Hagerman's Corners is a dispersed rural community in Markham, Ontario, Canada. Located at 14th Avenue and Kennedy Road, the former farm lands have disappeared and given way to homes and commercial parks. It is geographically located between the communities of Milliken Mills and Unionville, within the city of Markham.

Hagerman's Corners was founded in 1803 by Nicholas Hagerman, who owned the property at the NW corner of the intersection. By 1878 the village had a hotel (Bee Hive Hotel) and tavern, a general store and post office (1873), and a wagon maker. In 1849, a Wesleyan Methodist church was built on a private Hagerman family burying ground; the wood-frame church was replaced by a brick building in 1874. While the church was torn down in the 1920s, the cemetery on the east side of Kennedy Road (on James Fairless' farm), north of 14th Avenue remains with former Presbyterian church demolished. A few historical homes still exist and have been revitalized in an attempt to beautify the area.

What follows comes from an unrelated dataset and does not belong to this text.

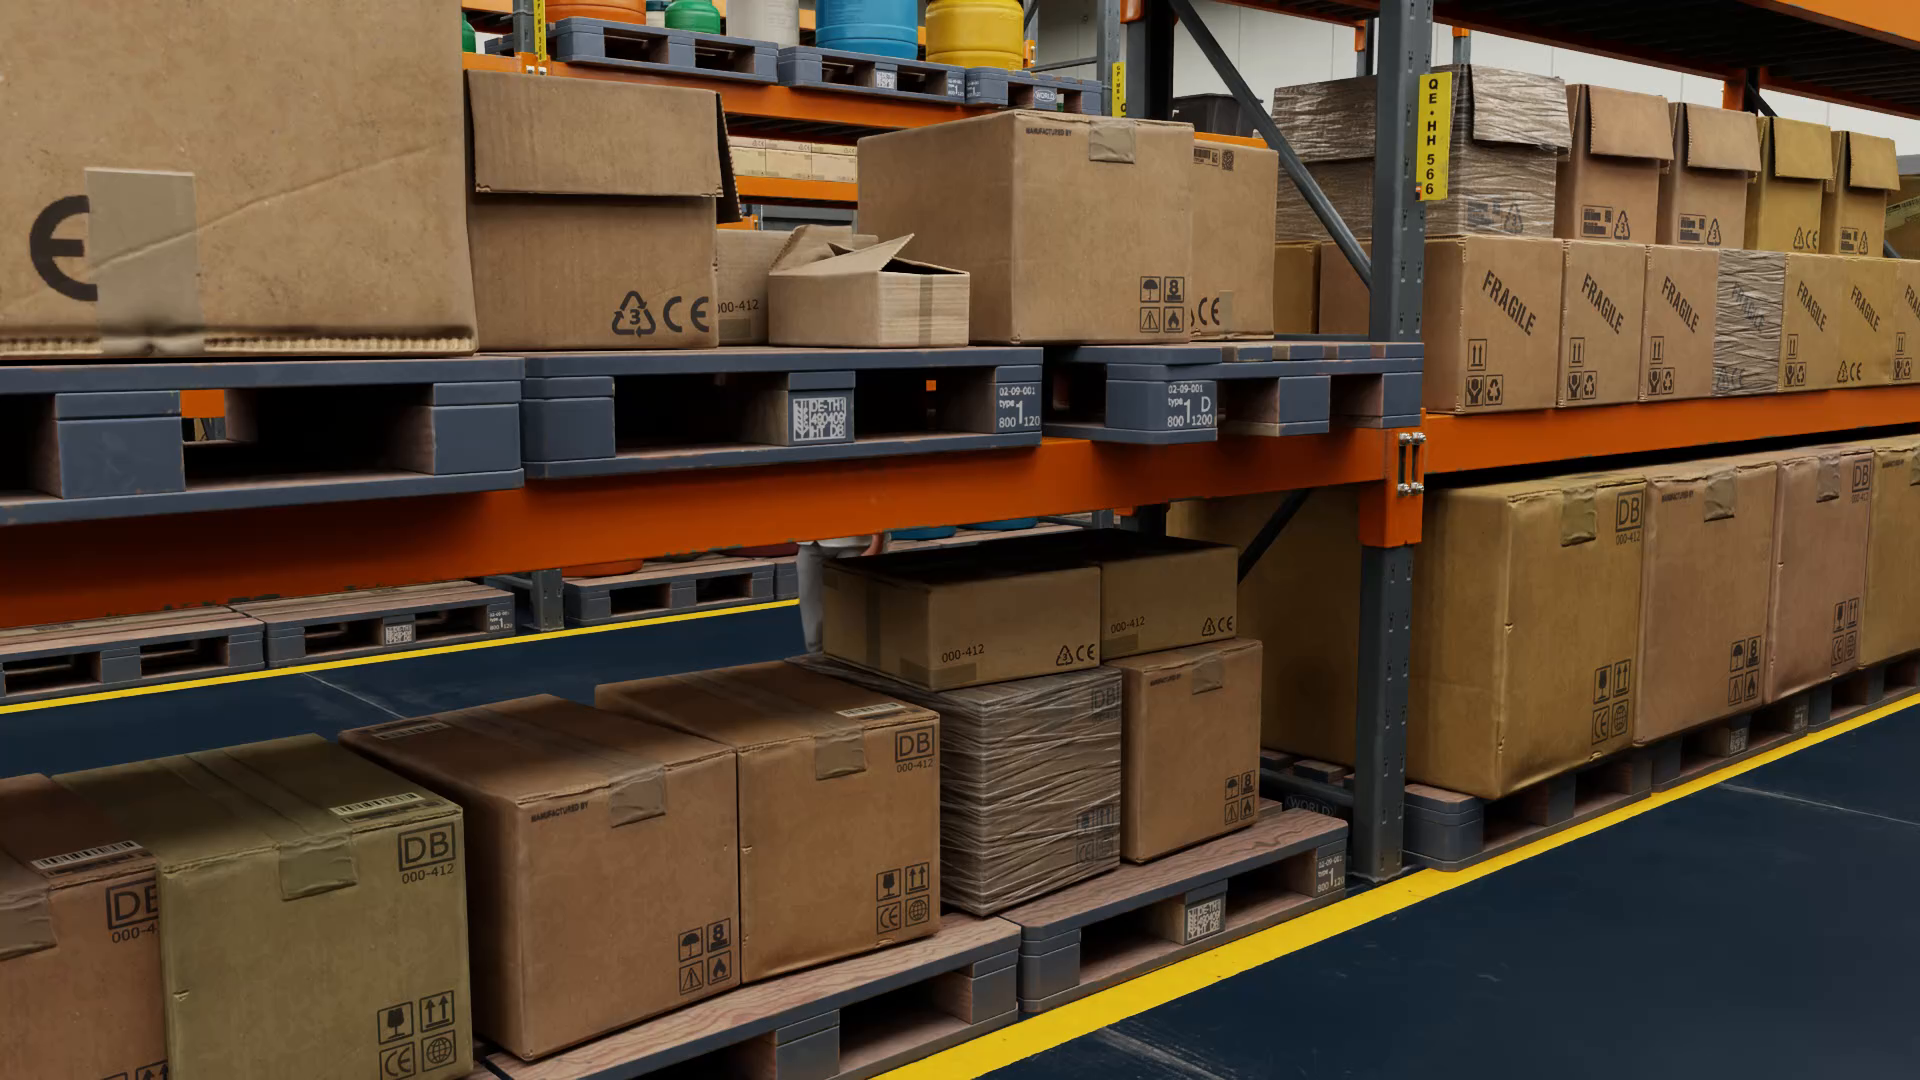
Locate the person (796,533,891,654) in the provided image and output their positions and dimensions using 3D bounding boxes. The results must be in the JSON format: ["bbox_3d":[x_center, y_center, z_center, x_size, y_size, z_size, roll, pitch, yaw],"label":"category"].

Today, the west side of Kennedy Road is home to a new public housing project for the city of Markham. Two small strip malls with mostly Chinese stores are located on the southwest corner of 14th Avenue and Kennedy Road. One of the shopping areas houses the First Choice Supermarket, a Chinese-based supermarket (formerly Big Land Farm) and Tim Hortons; the other is home to various Asian restaurants. Hagerman Mennonite Church has met in the village since 1932.

Transportation
 Highway 407 traverses along the northern edge of the community.
 14th Avenue, the main east–west thoroughfare
 Kennedy Road, traverses the eastern edge of the community.
 Warden Avenue, traverses the western edge of the community.
Birchmount Road, the main north–south thoroughfare.